MMORPG.com: With seven different schools of abilities there is plenty of room for character customization. Will there be specific upgrades to these schools in Evolution?
Mike Emmons:

We have continuously updated the player abilities we've offered over the years, keeping an eye on game balance. After ten years the spells have become pretty balanced, allowing players to attack others and defend themselves. We have recently made some changes to some of the spells that players have enjoyed, changing and adding some functionality, as well as fleshing out Jala, the previously sparse bardic school of magic. We are looking to continue adding new content in the future.

MMORPG.com: PvP is a very important part of MMORPGs, Meridian 59 helped lay the groundwork for that feature. How has PvP developed and changed over the life of your game?
Mike Emmons:

PvP is always dynamic, because the players are always changing. Sometimes the PvP is very low-keyed, with small skirmishes between people or a rogue PKer on the loose. Other times large guilds will clash and tremendous wars will engulf the entire server. It always tends to be a lot of fun.

Over the years, we've worked to make PvP more enjoyable for everyone. When Meridian 59 launched, the game was very old school, with open PvP and a very rough-and-tumble atmosphere. As people's tastes have mellowed, we've added more consequences for PvP while adding more options for people to engage in consensual fights. One such example is the guild war system.

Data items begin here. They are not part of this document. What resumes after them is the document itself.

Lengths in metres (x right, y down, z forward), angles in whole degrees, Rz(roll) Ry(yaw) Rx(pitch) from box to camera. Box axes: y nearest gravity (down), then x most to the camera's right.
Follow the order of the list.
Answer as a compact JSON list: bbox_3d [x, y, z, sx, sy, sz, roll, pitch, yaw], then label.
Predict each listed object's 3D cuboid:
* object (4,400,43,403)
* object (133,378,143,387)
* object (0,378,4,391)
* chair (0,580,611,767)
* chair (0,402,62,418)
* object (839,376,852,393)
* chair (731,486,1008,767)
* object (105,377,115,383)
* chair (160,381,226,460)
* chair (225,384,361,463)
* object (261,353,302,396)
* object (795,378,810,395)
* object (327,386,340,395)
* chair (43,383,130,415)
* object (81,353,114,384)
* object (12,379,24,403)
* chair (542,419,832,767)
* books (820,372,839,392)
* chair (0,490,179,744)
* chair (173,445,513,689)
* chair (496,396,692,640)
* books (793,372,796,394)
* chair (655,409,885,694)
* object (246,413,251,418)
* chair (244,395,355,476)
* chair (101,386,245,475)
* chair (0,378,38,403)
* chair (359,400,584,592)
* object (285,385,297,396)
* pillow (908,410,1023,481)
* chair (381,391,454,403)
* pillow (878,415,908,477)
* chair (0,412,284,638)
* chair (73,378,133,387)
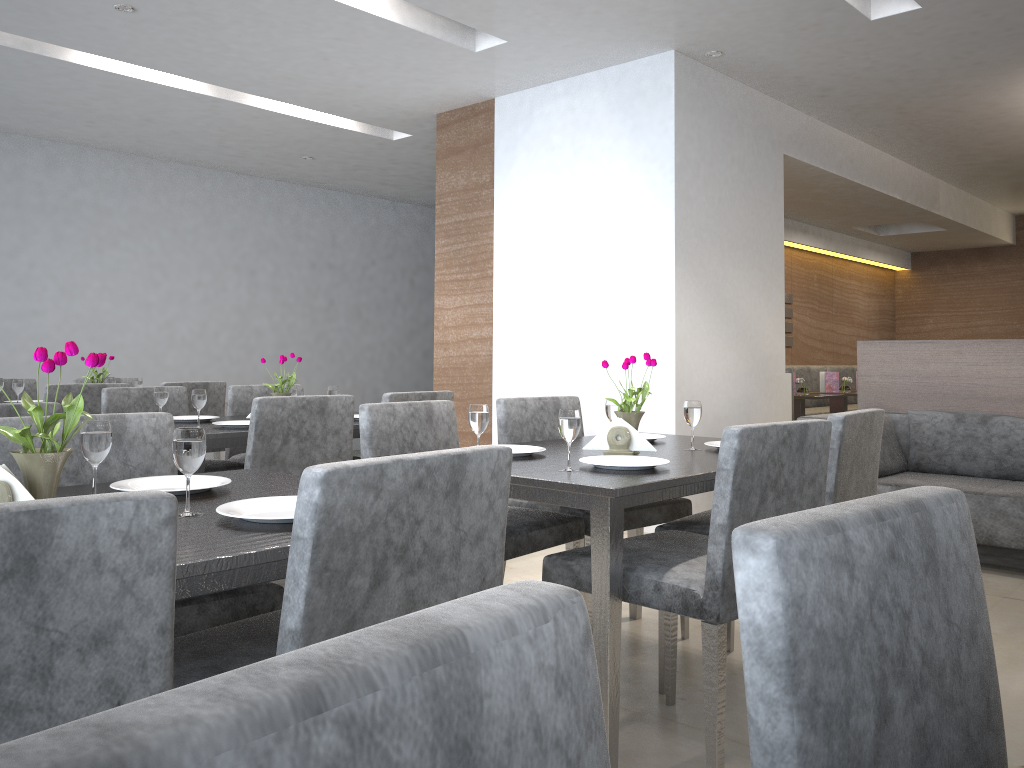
[{"bbox_3d":[-2.591,0.098,4.724,0.216,0.015,0.217,-1,2,-32],"label":"object"},{"bbox_3d":[-2.069,0.036,4.886,0.053,0.140,0.053,0,-2,0],"label":"object"},{"bbox_3d":[-2.669,0.040,4.588,0.053,0.140,0.053,0,-2,0],"label":"object"},{"bbox_3d":[0.091,0.502,0.215,0.492,0.765,0.476,-1,-2,37],"label":"chair"},{"bbox_3d":[-1.566,0.430,2.456,0.492,0.765,0.476,-1,-2,37],"label":"chair"},{"bbox_3d":[2.570,0.004,6.824,0.091,0.126,0.110,1,-1,-15],"label":"object"},{"bbox_3d":[0.466,0.494,0.611,0.476,0.765,0.491,2,-2,-42],"label":"chair"},{"bbox_3d":[-2.279,0.031,5.013,0.053,0.140,0.053,0,-2,0],"label":"object"},{"bbox_3d":[-1.854,0.365,4.775,0.492,0.765,0.476,-1,-2,37],"label":"chair"},{"bbox_3d":[-1.019,0.391,4.025,0.476,0.765,0.491,2,-2,-42],"label":"chair"},{"bbox_3d":[-0.930,0.010,3.593,0.104,0.277,0.154,-2,-3,40],"label":"object"},{"bbox_3d":[2.058,0.016,6.255,0.094,0.126,0.107,1,-1,-5],"label":"object"},{"bbox_3d":[-0.740,0.078,3.670,0.053,0.140,0.053,0,-2,0],"label":"object"},{"bbox_3d":[-2.167,0.374,4.348,0.476,0.765,0.491,2,-2,-42],"label":"chair"},{"bbox_3d":[-2.243,-0.032,4.795,0.104,0.277,0.154,-2,-3,40],"label":"object"},{"bbox_3d":[-2.454,0.046,4.391,0.053,0.140,0.053,0,-2,0],"label":"object"},{"bbox_3d":[0.407,0.456,1.993,0.476,0.765,0.491,2,-2,-42],"label":"chair"},{"bbox_3d":[2.451,-0.014,6.932,0.143,0.165,0.157,1,-1,-28],"label":"books"},{"bbox_3d":[-0.618,0.480,0.875,0.476,0.765,0.491,2,-2,-42],"label":"chair"},{"bbox_3d":[-0.305,0.470,1.302,0.492,0.765,0.476,-1,-2,37],"label":"chair"},{"bbox_3d":[0.242,0.431,2.871,0.476,0.765,0.491,2,-2,-42],"label":"chair"},{"bbox_3d":[1.930,-0.002,6.364,0.143,0.165,0.157,1,-1,-28],"label":"books"},{"bbox_3d":[0.721,0.447,2.419,0.492,0.765,0.476,-1,-2,37],"label":"chair"},{"bbox_3d":[-0.971,0.100,3.538,0.203,0.100,0.070,1,-1,12],"label":"object"},{"bbox_3d":[-0.854,0.416,3.147,0.476,0.765,0.491,2,-2,-42],"label":"chair"},{"bbox_3d":[-1.393,0.399,3.629,0.492,0.765,0.476,-1,-2,37],"label":"chair"},{"bbox_3d":[-2.706,0.357,4.830,0.492,0.765,0.476,-1,-2,37],"label":"chair"},{"bbox_3d":[-0.132,0.439,2.475,0.492,0.765,0.476,-1,-2,37],"label":"chair"},{"bbox_3d":[-0.950,0.073,3.797,0.053,0.140,0.053,0,-2,0],"label":"object"},{"bbox_3d":[2.231,0.294,4.271,0.638,0.321,0.181,1,-1,43],"label":"pillow"},{"bbox_3d":[-0.541,0.407,3.573,0.492,0.765,0.476,-1,-2,37],"label":"chair"},{"bbox_3d":[1.792,0.296,4.342,0.188,0.307,0.559,-1,-1,43],"label":"pillow"},{"bbox_3d":[-0.783,0.454,1.753,0.476,0.765,0.491,2,-2,-42],"label":"chair"},{"bbox_3d":[-2.332,0.349,5.226,0.476,0.765,0.491,2,-2,-42],"label":"chair"}]

MMORPG.com: What new options will guilds have to declare war on each other and begin open PvP campaigns?
Mike Emmons:

Near Death Studios, Inc. has taken guild war a little further than it was in the past. Warring with another guild was more symbolic, and as we've added more consequences for PvP we've given players more options to engage each other. When fighting with another guild none of the murder penalties that existed in the past apply. Also, when someone chooses to back out of a war, there is a cash penalty which is awarded to the other guild towards their hall rent or regular dues.

MMORPG.com: Explain the development of faction shields and how they help players with their PvP experience.
Mike Emmons:

Faction shields were implemented because players missed an old scenario that used to be in the game that was exploited in the past. In the new system, when a player becomes strong enough they can move beyond the regular level of membership in their faction and choose to become a soldier. This responsibility awards them a shield that is one of the few items which increases their stats. If they honor their faction by slaying opposing shield holders their rank in the factions army will rise, awarding them higher bonuses. This is another example of our consensual PvP systems in the game.

MMORPG.com: Give us some insight into in-game Frenzies.
Mike Emmons:

Frenzies are possibly one of the favorite features for the players. About once every couple of weeks we save the servers and run what basically amounts to a PvP free-for-all. The skies turn red and no one is safe, unless they take refuge inside of an inn. We hand out reagents to everyone and the fighting goes on for over an hour. Occasionally, we will separate the servers into teams and keep score of the fighting. After the hour and a half, we bring the servers down, run regular maintenance, and the game is restored to the state it was in directly before the frenzy. It’s a great way for everyone to work out aggression and have fun while testing out PvP strategies.